Second, Islamic State is highly bureaucratized, which makes it less vulnerable. Baghdadi created an organization with a strong, yet decentralized, hierarchical apparatus. This means that the group is hard to undermine with one blow, increasing its chances of survival. Besides, such an organization is not sensitive to a change in leadership. In these circumstances, a leader is not that significant. Rules, procedures, division of responsibilities – all this has turned into an effective substitute for even the most charismatic leader. As American political scientist Jenna Jordan put it in a paper titled “Attacking the Leader, Missing the Mark,” “highly bureaucratic terrorist organizations are more likely to experience smooth leadership transitions.”

Third, Islamic State is more like a network of terrorist groups based in different regions worldwide than a centralized organization. The degree of affiliation varies, which actually makes it easier for ISIS to spread its influence. The new Islamic State leader Qurashi has already been endorsed by an Afghan affiliate, IS-Khorasan, as well as by ISIS branches in Egypt, Bangladesh, Somalia, Yemen and Pakistan. That said, with more than 4,000 fighters, IS-Khorasan is considered one of the most resilient and ambitious branches. According to Russell Travers, acting director of the US National Counterterrorism Center, it has tried to inspire attacks outside of Afghanistan and is determined to carry out attacks itself.

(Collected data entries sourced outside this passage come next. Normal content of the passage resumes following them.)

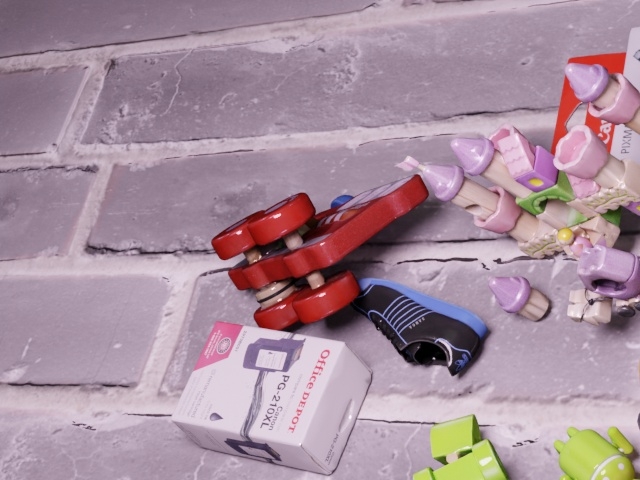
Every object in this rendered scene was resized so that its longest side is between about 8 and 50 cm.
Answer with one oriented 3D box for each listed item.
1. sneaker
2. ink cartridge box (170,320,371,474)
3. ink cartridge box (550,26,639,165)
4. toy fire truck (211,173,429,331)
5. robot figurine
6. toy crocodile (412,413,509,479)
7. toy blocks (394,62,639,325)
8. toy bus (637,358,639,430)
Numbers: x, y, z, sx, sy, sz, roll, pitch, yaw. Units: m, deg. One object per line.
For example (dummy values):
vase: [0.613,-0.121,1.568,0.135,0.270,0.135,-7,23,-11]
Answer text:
sneaker: [0.121,0.123,2.050,0.232,0.081,0.090,16,61,38]
ink cartridge box: [-0.070,0.224,2.071,0.237,0.100,0.172,6,60,34]
ink cartridge box: [0.453,-0.195,2.115,0.239,0.060,0.275,-2,55,28]
toy fire truck: [0.000,0.000,2.145,0.254,0.169,0.302,-33,7,-30]
robot figurine: [0.346,0.283,1.803,0.101,0.067,0.115,-42,46,-7]
toy crocodile: [0.210,0.365,1.809,0.115,0.105,0.340,-28,51,8]
toy blocks: [0.280,-0.067,1.912,0.288,0.260,0.309,-24,45,51]
toy bus: [0.466,0.279,1.709,0.130,0.108,0.332,-19,48,14]
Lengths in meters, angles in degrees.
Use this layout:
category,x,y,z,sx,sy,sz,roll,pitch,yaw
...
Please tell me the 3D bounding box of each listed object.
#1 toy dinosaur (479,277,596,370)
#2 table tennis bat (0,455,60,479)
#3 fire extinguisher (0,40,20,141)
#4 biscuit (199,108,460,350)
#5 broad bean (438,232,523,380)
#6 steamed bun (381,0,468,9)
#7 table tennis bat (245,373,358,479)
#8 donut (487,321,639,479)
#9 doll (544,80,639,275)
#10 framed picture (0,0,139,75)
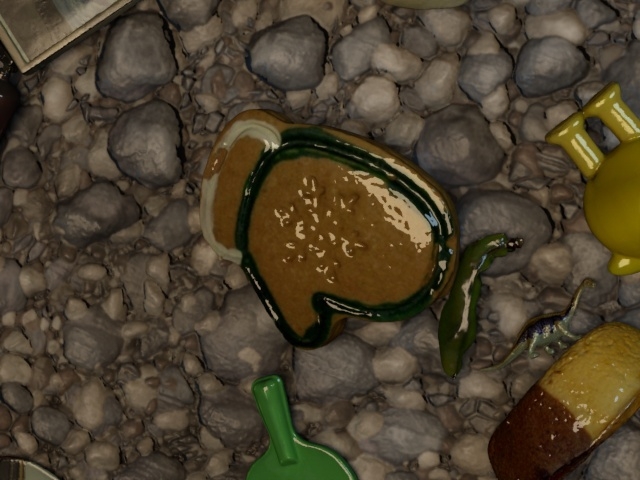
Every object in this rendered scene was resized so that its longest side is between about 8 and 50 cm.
category,x,y,z,sx,sy,sz,roll,pitch,yaw
toy dinosaur,0.272,0.120,1.830,0.180,0.037,0.058,-37,61,9
table tennis bat,-0.445,0.355,2.059,0.301,0.022,0.173,36,103,7
fire extinguisher,-0.464,-0.141,1.989,0.089,0.072,0.268,32,103,18
biscuit,-0.001,0.000,1.857,0.343,0.057,0.287,24,111,17
broad bean,0.180,0.073,1.845,0.061,0.046,0.195,28,100,14
steamed bun,0.081,-0.459,1.717,0.339,0.247,0.352,26,106,13
table tennis bat,-0.034,0.295,1.932,0.160,0.039,0.257,-15,96,17
donut,0.289,0.209,1.780,0.112,0.151,0.295,45,105,18
doll,0.417,-0.017,1.724,0.199,0.145,0.363,-40,91,10
framed picture,-0.325,-0.356,1.942,0.260,0.023,0.189,-33,85,8
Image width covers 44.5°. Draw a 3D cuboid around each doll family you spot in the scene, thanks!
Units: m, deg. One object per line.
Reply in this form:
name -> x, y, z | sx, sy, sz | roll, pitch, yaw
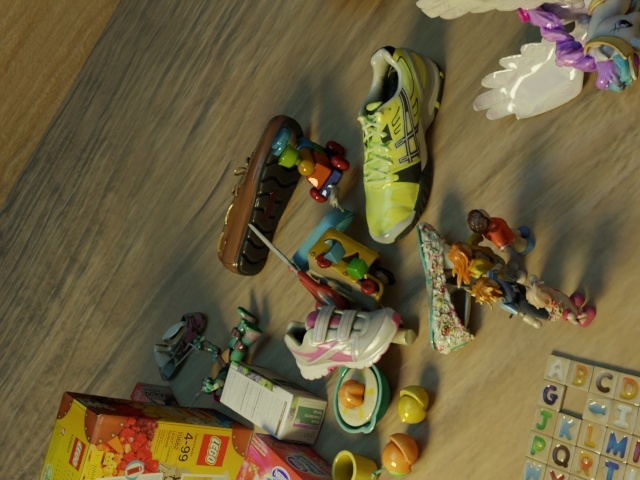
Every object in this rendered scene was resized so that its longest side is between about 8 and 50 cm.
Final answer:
doll family -> 0.281, 0.062, 1.188 | 0.118, 0.163, 0.263 | -53, 42, 22

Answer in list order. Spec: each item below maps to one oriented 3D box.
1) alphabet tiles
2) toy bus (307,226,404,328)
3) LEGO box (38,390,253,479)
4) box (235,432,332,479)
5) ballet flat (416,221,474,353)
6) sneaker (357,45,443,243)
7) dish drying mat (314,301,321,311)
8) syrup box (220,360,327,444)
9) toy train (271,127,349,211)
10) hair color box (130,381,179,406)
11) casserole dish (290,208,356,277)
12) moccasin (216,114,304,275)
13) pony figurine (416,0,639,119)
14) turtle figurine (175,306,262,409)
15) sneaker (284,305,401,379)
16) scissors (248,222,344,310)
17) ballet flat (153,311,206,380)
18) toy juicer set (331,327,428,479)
alphabet tiles -> 0.395, 0.279, 1.088 | 0.237, 0.009, 0.198 | 9, 83, 52
toy bus -> 0.074, 0.058, 1.486 | 0.104, 0.202, 0.191 | -51, 24, -23
LEGO box -> -0.400, 0.598, 1.640 | 0.193, 0.373, 0.500 | 10, 85, 52
box -> -0.039, 0.474, 1.448 | 0.257, 0.123, 0.128 | 27, 96, 52
ballet flat -> 0.218, 0.077, 1.345 | 0.077, 0.091, 0.240 | -11, 68, 15
sneaker -> 0.125, -0.185, 1.491 | 0.145, 0.147, 0.384 | -7, 72, 48
dish drying mat -> -0.003, 0.161, 1.623 | 0.032, 0.008, 0.083 | -3, 73, 49
syrup box -> -0.100, 0.330, 1.604 | 0.237, 0.093, 0.096 | 14, 86, 52
toy train -> -0.023, -0.148, 1.613 | 0.105, 0.143, 0.248 | -56, 20, 20
hair color box -> -0.397, 0.423, 1.932 | 0.053, 0.093, 0.167 | -61, 40, 14
casserole dish -> 0.000, 0.000, 1.599 | 0.037, 0.114, 0.188 | 44, 116, 9
moccasin -> -0.144, -0.109, 1.814 | 0.147, 0.139, 0.380 | 29, 108, 43
pony figurine -> 0.372, -0.367, 1.200 | 0.351, 0.303, 0.363 | -3, 59, 41
turtle figurine -> -0.225, 0.269, 1.762 | 0.234, 0.118, 0.175 | -53, 39, 5
sneaker -> 0.030, 0.171, 1.414 | 0.252, 0.111, 0.103 | -26, 28, 33
scissors -> -0.044, 0.072, 1.555 | 0.021, 0.109, 0.297 | -42, 55, -15
ballet flat -> -0.372, 0.263, 1.975 | 0.221, 0.079, 0.077 | -55, 42, 22
toy juicer set -> 0.095, 0.267, 1.387 | 0.209, 0.089, 0.329 | -30, 51, 46

And finally, Islamic State propaganda targets a wide audience, using effective discourse strategies and taking advantage of social-media capabilities. The problem is that a well-rooted ideology cannot be killed with a weapon, nor does it die with the leader. Rather, ideology is a powerful, self-sufficient tool converting sympathizers into full-fledged fighters all over the world.

That is why if we want to squeeze the life out of this medieval beast, we need to put more effort into destroying the very basis of its existence. Most important, these should be concerted efforts of the international community.

Russian journalist Tatiana Kanunnikova is a graduate of the Moscow State Institute of International Affairs.